Computer vision challenges were initially posed by simple geometric body detections - tasks for which neural networks were not necessarily needed. Due to the trend with increasing availability of computing power and the establishment of Convolutional Neural Networks (CNNs), neural networks in general, but especially CNNs in the domain Computer Vision have gained publicity due to very good results. For this reason, we decided to master our object detection using such neural networks - available in the manner of open source in different model architectures.

Model Architectures

Since the requirements from the course are an object detection in real-time on a Jetson Nano, we had to look for rather small neural network architectures that perform high FPS rates (frames per second) on relatively low processing power. For our use-case, real-time meant to be a smooth detection at at least 8 FPS. The following figure shows different model architectures deployed with NVIDIA's TensorRT accelerator library on a Jetson Nano.

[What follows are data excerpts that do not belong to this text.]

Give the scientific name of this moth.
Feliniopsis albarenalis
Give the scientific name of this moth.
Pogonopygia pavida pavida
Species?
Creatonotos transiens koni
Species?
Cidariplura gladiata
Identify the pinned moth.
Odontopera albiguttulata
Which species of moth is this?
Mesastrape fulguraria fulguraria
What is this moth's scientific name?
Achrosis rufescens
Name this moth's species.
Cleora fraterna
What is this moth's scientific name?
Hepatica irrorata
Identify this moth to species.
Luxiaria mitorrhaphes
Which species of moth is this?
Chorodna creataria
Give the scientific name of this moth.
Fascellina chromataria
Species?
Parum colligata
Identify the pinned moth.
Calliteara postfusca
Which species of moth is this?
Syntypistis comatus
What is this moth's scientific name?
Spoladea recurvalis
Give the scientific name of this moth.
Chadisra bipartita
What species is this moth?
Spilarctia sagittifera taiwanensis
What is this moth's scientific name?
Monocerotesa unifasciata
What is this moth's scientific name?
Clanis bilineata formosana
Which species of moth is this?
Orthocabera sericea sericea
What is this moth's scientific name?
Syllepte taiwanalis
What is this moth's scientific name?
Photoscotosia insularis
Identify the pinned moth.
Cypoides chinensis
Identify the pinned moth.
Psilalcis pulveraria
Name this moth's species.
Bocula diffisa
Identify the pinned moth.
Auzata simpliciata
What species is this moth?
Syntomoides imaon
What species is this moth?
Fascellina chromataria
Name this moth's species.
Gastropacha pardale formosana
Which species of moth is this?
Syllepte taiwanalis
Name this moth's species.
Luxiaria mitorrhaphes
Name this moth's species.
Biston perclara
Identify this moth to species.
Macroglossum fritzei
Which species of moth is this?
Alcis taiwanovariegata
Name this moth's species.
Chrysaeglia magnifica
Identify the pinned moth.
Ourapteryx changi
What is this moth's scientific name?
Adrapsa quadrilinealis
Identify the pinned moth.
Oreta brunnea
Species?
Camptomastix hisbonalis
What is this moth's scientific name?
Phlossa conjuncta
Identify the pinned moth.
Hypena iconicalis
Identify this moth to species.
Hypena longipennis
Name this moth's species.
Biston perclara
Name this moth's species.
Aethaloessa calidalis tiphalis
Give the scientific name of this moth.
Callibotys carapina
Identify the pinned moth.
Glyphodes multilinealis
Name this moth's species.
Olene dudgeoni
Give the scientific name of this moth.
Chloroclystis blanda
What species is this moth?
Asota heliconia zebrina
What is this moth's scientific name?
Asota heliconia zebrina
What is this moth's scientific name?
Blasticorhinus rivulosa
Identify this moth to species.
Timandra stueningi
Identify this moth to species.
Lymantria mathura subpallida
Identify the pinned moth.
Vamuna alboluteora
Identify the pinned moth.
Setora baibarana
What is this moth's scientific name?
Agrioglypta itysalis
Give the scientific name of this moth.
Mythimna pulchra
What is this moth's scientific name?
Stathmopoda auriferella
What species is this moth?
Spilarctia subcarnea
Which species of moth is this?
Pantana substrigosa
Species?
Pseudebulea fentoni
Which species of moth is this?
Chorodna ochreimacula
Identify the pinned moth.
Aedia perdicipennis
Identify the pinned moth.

Deep Learning Inference Performance on Jetson Nano

After further research, we decided either a model architecture from the Tensorflow Object Detection API or a YOLO architecture implemented with a widespread machine learning library like PyTorch would be the perfect fit, since both are very well documented, and lack of time is one of our biggest challenges.

With both libraries as possible solutions, we created training pipelines to test several model architectures, such as the "SSD Mobilenet-V2" from the Tensorflow Model Zoo, or a YOLOv4-CSP and evaluate their performance.

Finally, we did not compare the performance of different YOLO model architectures with models from the Tensorflow Model-Zoo, because we decided to use Nvidia's DeepStream library, which integrates particularly well with YOLO architectures, for inference on the Jetson Nano.

YOLO Architecture

YOLO, an abbreviation for the term "You Only Look Once", is a model architecture for object detection, employing CNNs to detect in real-time. As the name indicates YOLO architectures are single-stage object detectors.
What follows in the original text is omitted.